From January 9th to the 16th, 2012, this website (DenyConformity.com) was shut down. Though I would love to say that it was because I was engaging in an extended protest of SOPA, it was actually something far more boring. Since I am making a post today, though, I am bound by the INTERNET CODE to reference how evil SOPA is as much as possible, so I apologize in advance for that.

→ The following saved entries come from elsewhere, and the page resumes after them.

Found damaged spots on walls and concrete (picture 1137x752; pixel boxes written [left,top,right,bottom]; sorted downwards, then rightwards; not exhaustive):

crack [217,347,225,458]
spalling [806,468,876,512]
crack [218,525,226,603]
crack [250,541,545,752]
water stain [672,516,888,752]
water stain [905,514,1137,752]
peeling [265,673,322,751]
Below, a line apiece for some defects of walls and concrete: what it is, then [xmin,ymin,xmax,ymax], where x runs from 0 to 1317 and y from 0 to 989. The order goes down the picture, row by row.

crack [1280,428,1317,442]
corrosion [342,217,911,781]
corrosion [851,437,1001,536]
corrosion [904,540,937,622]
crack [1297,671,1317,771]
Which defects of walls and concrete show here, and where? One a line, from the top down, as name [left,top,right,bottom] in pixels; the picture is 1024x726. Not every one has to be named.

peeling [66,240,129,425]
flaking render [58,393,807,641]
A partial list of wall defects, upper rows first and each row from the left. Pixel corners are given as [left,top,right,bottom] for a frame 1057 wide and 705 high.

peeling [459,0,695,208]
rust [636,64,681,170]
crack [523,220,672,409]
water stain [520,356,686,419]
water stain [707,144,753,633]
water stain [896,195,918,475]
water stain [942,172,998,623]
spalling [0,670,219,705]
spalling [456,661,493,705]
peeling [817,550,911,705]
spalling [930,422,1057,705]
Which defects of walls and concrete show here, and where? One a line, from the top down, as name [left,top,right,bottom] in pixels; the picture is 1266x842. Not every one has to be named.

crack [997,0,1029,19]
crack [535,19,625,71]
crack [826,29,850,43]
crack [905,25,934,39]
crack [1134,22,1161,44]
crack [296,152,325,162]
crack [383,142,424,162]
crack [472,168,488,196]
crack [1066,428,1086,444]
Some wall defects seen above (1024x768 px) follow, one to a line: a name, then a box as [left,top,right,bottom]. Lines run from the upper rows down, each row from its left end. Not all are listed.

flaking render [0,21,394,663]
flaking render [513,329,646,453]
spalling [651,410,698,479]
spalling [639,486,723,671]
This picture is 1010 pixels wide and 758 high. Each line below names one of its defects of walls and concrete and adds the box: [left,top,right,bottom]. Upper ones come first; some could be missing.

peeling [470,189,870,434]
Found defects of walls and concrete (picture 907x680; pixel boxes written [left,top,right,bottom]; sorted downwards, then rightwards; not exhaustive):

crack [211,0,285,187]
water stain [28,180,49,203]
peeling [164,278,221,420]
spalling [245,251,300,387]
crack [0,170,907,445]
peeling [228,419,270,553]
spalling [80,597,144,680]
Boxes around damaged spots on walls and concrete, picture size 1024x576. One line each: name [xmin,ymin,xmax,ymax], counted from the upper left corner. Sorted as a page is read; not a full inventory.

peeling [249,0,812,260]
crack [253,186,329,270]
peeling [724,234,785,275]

We’ll have to go back a bit (just for a few sentences, I promise), to the early days of this website. Back in the ye olde days of 2005, I was a young, go-getting amateur web designer looking for a place to put a website that I could use to learn how to set up a website. After a tiny bit of searching, I found the cheapest host I could find, otherwise known as “Startlogic.com.” I set up my site, and everything worked fine. Over the years I had a few troubles here and there, but most were the fault of my lack of experience with the entire process. Startlogic, it seemed, was perfectly adequate for the task of hosting a low-tech website with an audience of several.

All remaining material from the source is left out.